Then some of us caught the Berliner Ensemble production across the wall
during the '86 Berlin World Shakespeare Congress.  And last summer at
Stratford the RSC's Swan Theatre production.  The camped-up version you
describe matches a similar production I saw in NYC in the early 70s, the
kind that makes you think about switching to some other field, like maybe
The drama, and the micro-structure of satire, that drives this piece forward
is the anti-climax, what John Clark called the imitation of an unsuccessful
sexual act.  Right off, Troilus says he's not going to fight in these wars,
but then by the end of the scene, abruptly, without explanation, he bolts off
to the battles with Aeneas.  Another anticlimax: the reappearance of Troilus
coming back from the day's combat.  Wait 'til you see T! OooH!  Wait!  You'll
be wowed! . . . [then]  "What sneaking fellow comes yonder?"  The game, I
think, is in reader-response education: "What are you led to expect here?
And what do you really see?"  Anybody who's been in love knows that batty
dynamic of ideals crunching into the actual and then rebounding with
redoubled strength to even higher insanity.  The maniacal energy of a cartoon
character feeds these very human Trojans and Greeks.  The goal of teaching
the piece could be to help ourselves see ourselves driven by the same engines
and made ludicrous by the same human limitations.  I hate to think of how
many faculty meetings resemble those councils in Troy and in the Greek camp.

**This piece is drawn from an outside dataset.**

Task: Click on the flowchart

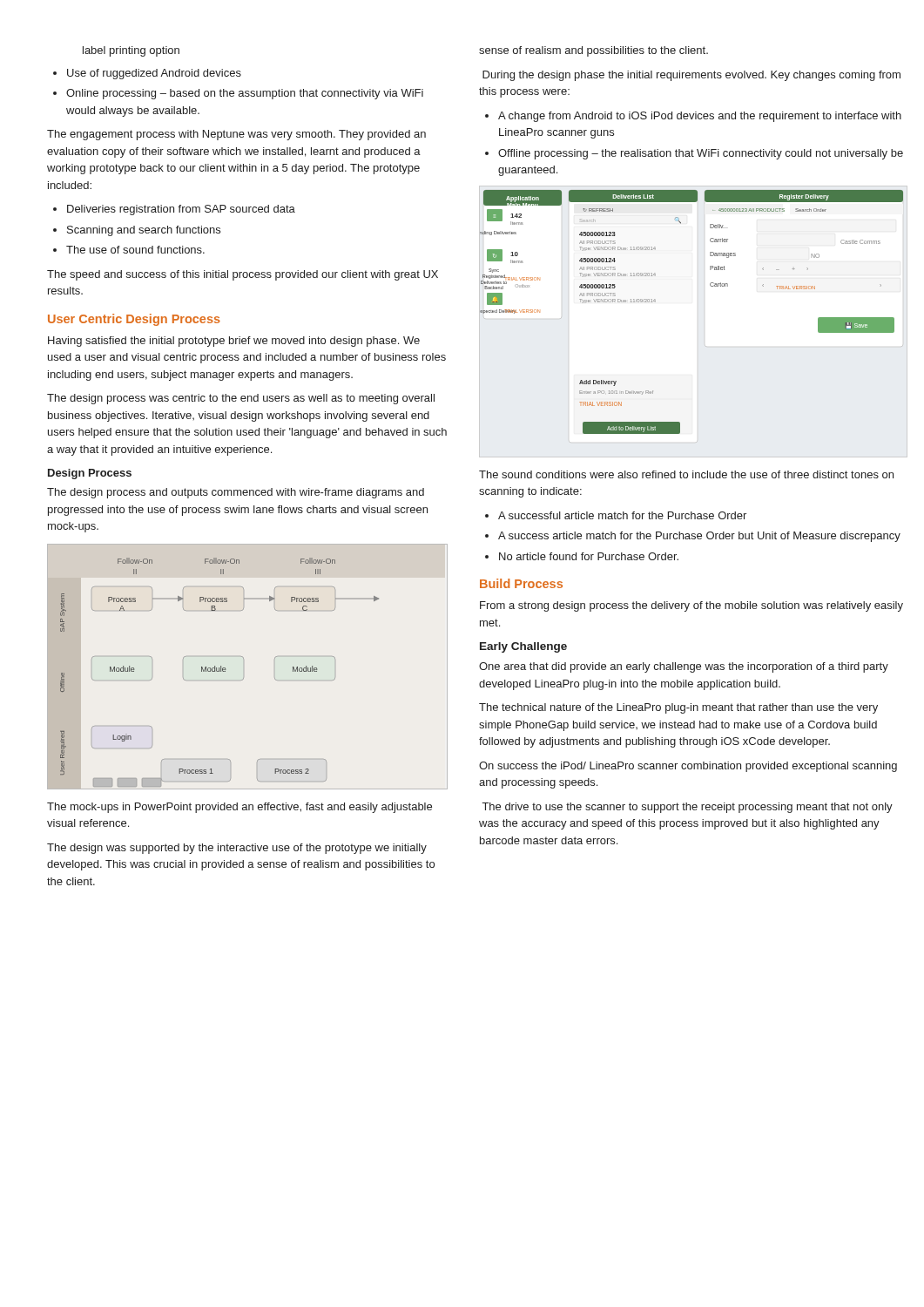Action: 247,666

B-o-r-i-n-g, painfully orderly, and totally inconsequential.  I particularly
like Hector's fabulously anti-climactic decision to go on with the war after
he has laid out an elegant and wise justification for NOT continuing.  These
wrenching defeats, snatched from the very jaws of victory, shape scenes,
speeches, incidents.  I guess that's what I mean by a systematic structure of
satiric action.
I have a long walking tour of the T&C text that I sometimes give to classes.
If I can strip away the old CPM Perfectwriter commands, and when I master
file-sending, I'll ask Ken Steele to load it into the SHAKSPER byteholes.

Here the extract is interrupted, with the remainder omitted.